When Regina police dismantled a teepee, doused a sacred fire and arrested protesters June 18 on the lawn in front of the Saskatchewan Legislature, government officials probably thought they had cleared the way for Canada Day celebrations to proceed on the site last weekend. The space they are occupying is usually home to a beer garden over the July 1st weekend. Priorities are priorities after all.
Wrong. Now, instead of one teepee, there are several. They began reappearing on National Indigenous Peoples Day June 21. First with one, then three, then five, there are now eight (as of June 28).
And the voices calling for “Justice for our Stolen Children” – the name of the protest camp – are growing louder. They are denouncing racial injustice and the high numbers of Indigenous children taken from their families by Saskatchewan child-welfare authorities.
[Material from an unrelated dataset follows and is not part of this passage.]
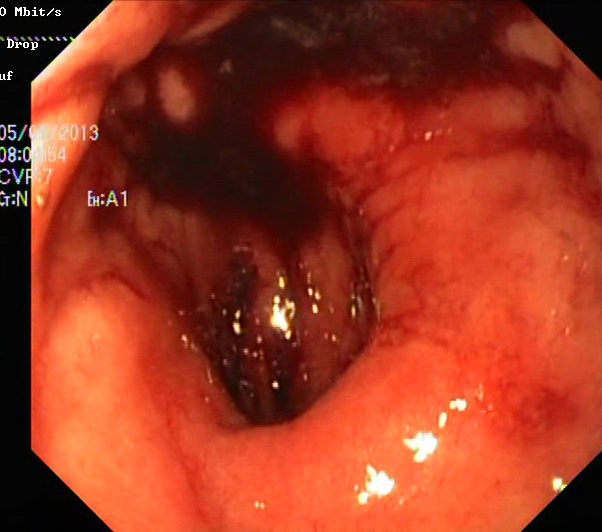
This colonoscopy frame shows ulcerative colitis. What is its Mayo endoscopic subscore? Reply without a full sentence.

ulcerative colitis, Mayo endoscopic subscore 3
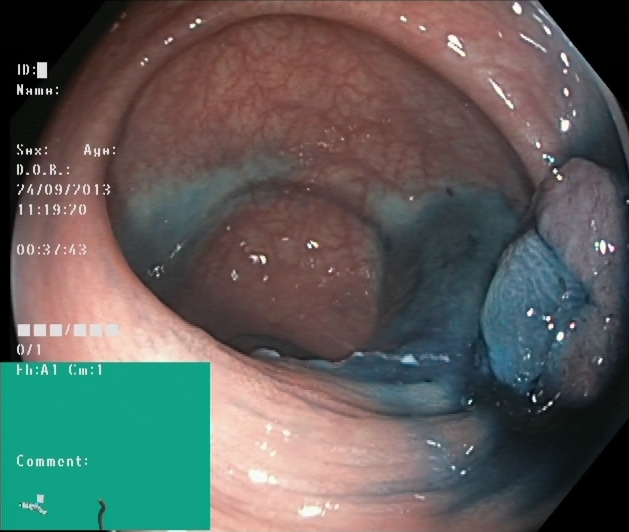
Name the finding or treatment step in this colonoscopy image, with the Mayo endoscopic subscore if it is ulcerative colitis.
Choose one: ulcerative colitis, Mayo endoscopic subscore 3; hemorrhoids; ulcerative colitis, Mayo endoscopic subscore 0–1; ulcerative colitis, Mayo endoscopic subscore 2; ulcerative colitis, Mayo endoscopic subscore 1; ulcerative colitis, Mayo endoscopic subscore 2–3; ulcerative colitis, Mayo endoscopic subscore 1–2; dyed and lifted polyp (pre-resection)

dyed and lifted polyp (pre-resection)

The camp was originally set up last February in response to the acquittal of farmer Gerald Stanley in the shooting death of teenaged Cree boy, Colten Boushie – and to protest the exoneration of another white man accused of murdering a Native girl, Tina Fontaine, in Winnipeg. Now there is another such case, in Ontario this time, in which a non-Native man has been cleared for killing an unarmed Indigenous man with two blasts from his shotgun, the second shot while the victim was on his knees.
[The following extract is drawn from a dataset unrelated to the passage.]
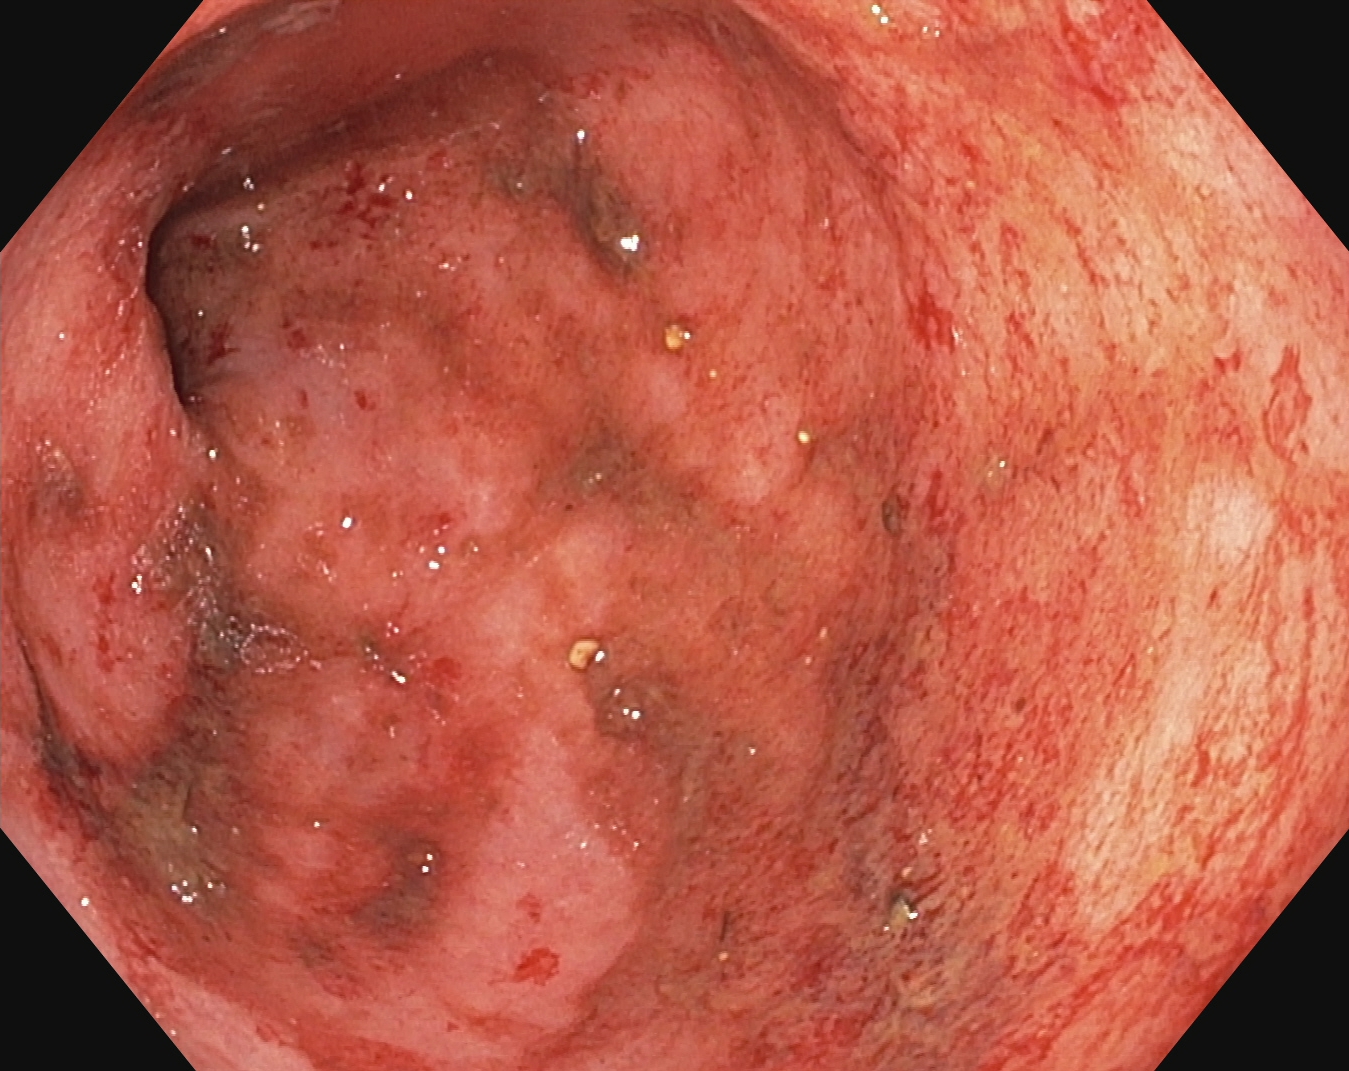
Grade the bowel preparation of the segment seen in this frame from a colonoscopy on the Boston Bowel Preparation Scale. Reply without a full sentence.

Boston Bowel Preparation Scale score 0–1 (inadequate preparation)

As long as justice for First Nations victims of violence by non-Natives is still elusive, protest and unrest is inevitable, no matter how many arrests police may make.
Given the recent attention given to the Sixties Scoop – the government abduction and sale of thousands of Indigenous children in the 1960s – one would have thought that there would be a greater effort to ensure families are left intact and given the support they need to do so. But, as the Regina protesters are saying, this problem persists, especially on the Prairies.
That’s why 18-year-old Miles McCallum, a protester at the camp, is throwing herself into the campaign as a keeper for the File Hills Qu’Appelle Tribal Council teepee.
McCallum, a member of Cowessess First Nation, said the inspiration for her activism is her cousin, Tamra Keepness, who went missing in Regina in 2004 when she was only five years old.
“That’s what keeps me motivated,” McCallum told the Regina Leader-Post. “I wanted to do something to help contribute. So when I got the call if I wanted to be the keeper for the teepee, I was here right away.”
And as long as there are cases in Canada like Colten Boushie, Tina Fontaine and Tamra Keepness, the protests will and should continue. No matter how many beer gardens are displaced.